The 50-year-old Loose Women panelist opened up to Hello! Magazine about the low moments and how counselling has been “amazing” for her and Nick.

Andrea said there was a moment after an argument with her husband that she contemplated taking her own life.

She said: “Nick didn’t know I had put it in, he didn’t even know it had happened.

“I hadn’t mentioned it at all. I think it was quite a shock for him. Our disagreement was tiny, I can’t even remember what it was about.”

When Andrea’s book, This Girl Is On Fire, was published, Nick said that he found it “really, really tough” to read what his wife was going through after their arguments.

He said that what made it harder was that they “barely even raise [their] voices.”

As Andrea struggled with a breakdown, she said that couples therapy helped save them.

She said: “Therapy was amazing for us. We weren’t going because we were in trouble, we were going because I was in trouble.”

Andrea said that therapy helped Nick understand how certain situations could trigger a flashback to past traumatic eexperiences.

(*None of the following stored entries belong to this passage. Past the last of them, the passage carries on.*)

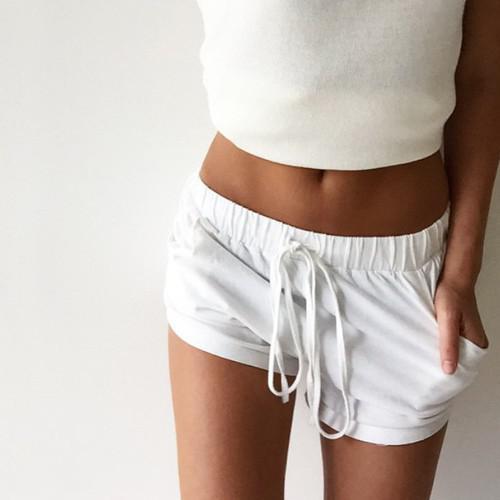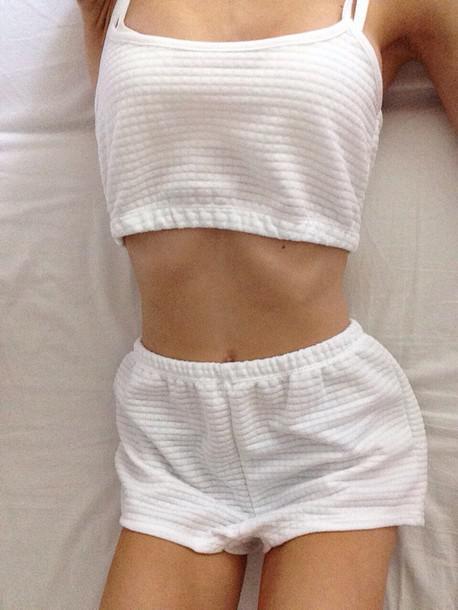The first image is the image on the left, the second image is the image on the right. Considering the images on both sides, is "One model is blonde and wears something made of satiny, shiny material, while the other model wears shorts with a short-sleeved top that doesn't bare her midriff." valid? Answer yes or no. No. The first image is the image on the left, the second image is the image on the right. Given the left and right images, does the statement "A pajama set is a pair of short pants paired with a t-shirt top with short sleeves and design printed on the front." hold true? Answer yes or no. No. 
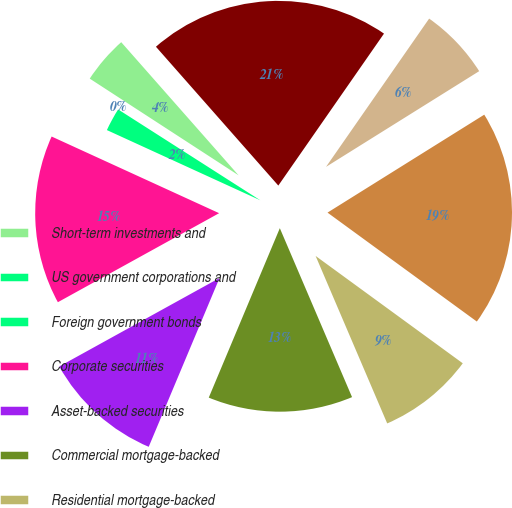Convert chart to OTSL. <chart><loc_0><loc_0><loc_500><loc_500><pie_chart><fcel>Short-term investments and<fcel>US government corporations and<fcel>Foreign government bonds<fcel>Corporate securities<fcel>Asset-backed securities<fcel>Commercial mortgage-backed<fcel>Residential mortgage-backed<fcel>Total fixed maturities<fcel>Equity securities<fcel>Total trading account assets<nl><fcel>4.33%<fcel>0.12%<fcel>2.22%<fcel>14.86%<fcel>10.65%<fcel>12.75%<fcel>8.54%<fcel>18.92%<fcel>6.44%<fcel>21.17%<nl></chart> 
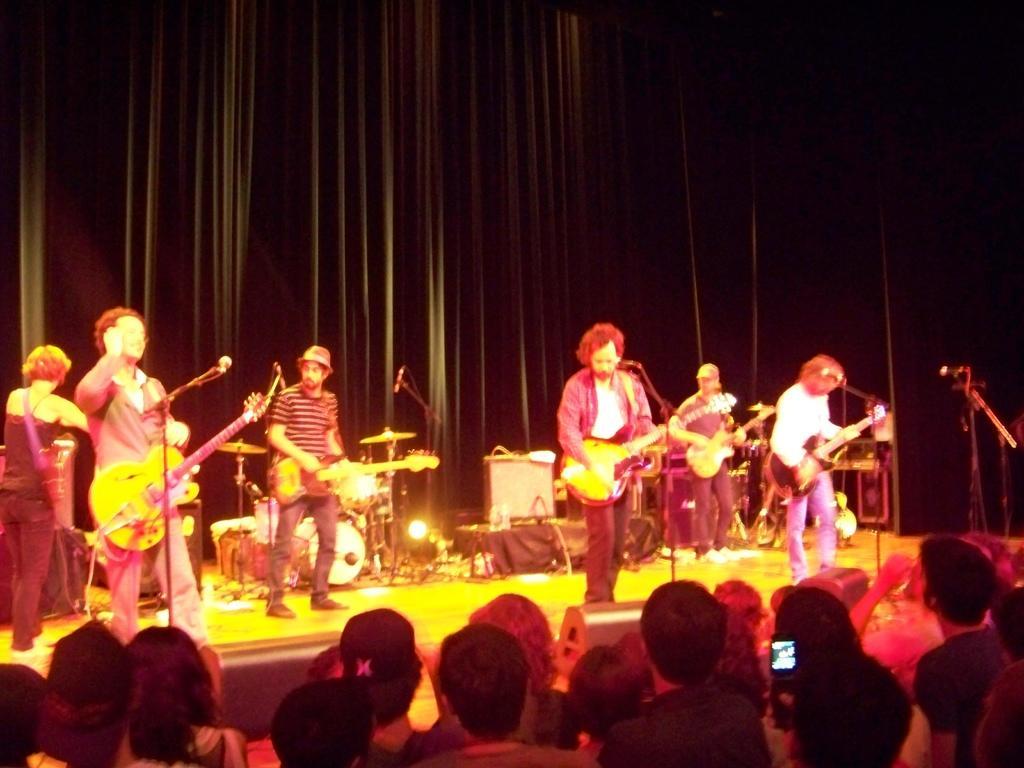Can you describe this image briefly? There are group of persons playing guitar in front of a mic on a stage and there are audience in front of them and the background is black in color. 
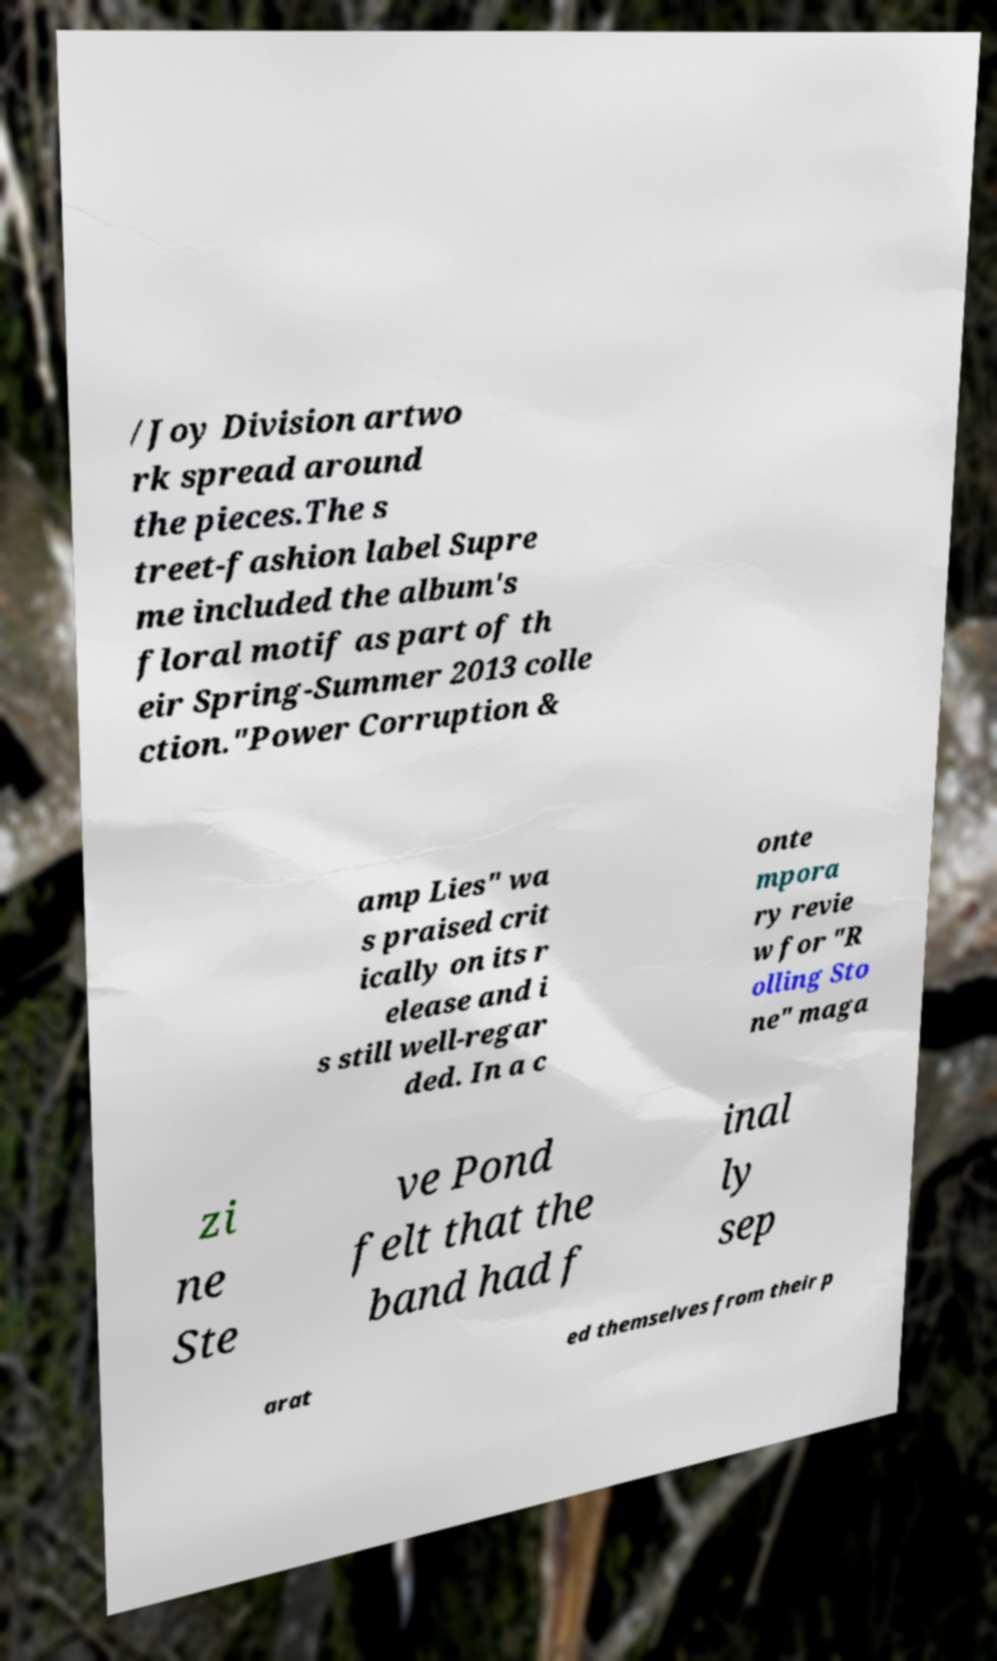Can you accurately transcribe the text from the provided image for me? /Joy Division artwo rk spread around the pieces.The s treet-fashion label Supre me included the album's floral motif as part of th eir Spring-Summer 2013 colle ction."Power Corruption & amp Lies" wa s praised crit ically on its r elease and i s still well-regar ded. In a c onte mpora ry revie w for "R olling Sto ne" maga zi ne Ste ve Pond felt that the band had f inal ly sep arat ed themselves from their p

Writing about her spiralling depression in an extract of her book This Girl Is On Fire, Andrea detailed: “At my lowest point, I was suicidal. This is the first time I’ve admitted that.

“Just days after I’d collapsed on my make-up artist Donna, I had an argument with my husband, Nick, and then went away on a work trip.

‘It was a trivial thing, the kind of spat all couples have, and he’d only been mildly annoyed with me.

“But I was in such a bad state of mind that it triggered overwhelming anxiety and other negative emotions.”

Andrea continued: “Alone in my hotel room, I wanted to end it all right then.

“I felt Nick couldn’t see my side of things at all — and if someone who loved me as much as he did failed to see it, what was the point?

“And yet I couldn’t do it. I didn’t want to hurt my family — Nick, 47, my beloved third husband, and my two wonderful teenagers; 18-year-old Finlay from my first marriage and 13-year-old Amy from my second.

“I thought they would be ashamed that I’d been so weak. I lay on the floor of my room and sobbed.”

Andrea goes on to say that she would go to work with a brave face the next day.

She added: “Then the next day I got up, went to work, put on a smile and knocked it out of the park at a meeting. No one would ever have known.

“How could I have done that? How can anyone go from lying on the floor feeling suicidal to going into work the next day?

“Ask anyone who has been in this situation and I’m sure they will say the same thing: shame keeps you smiling.”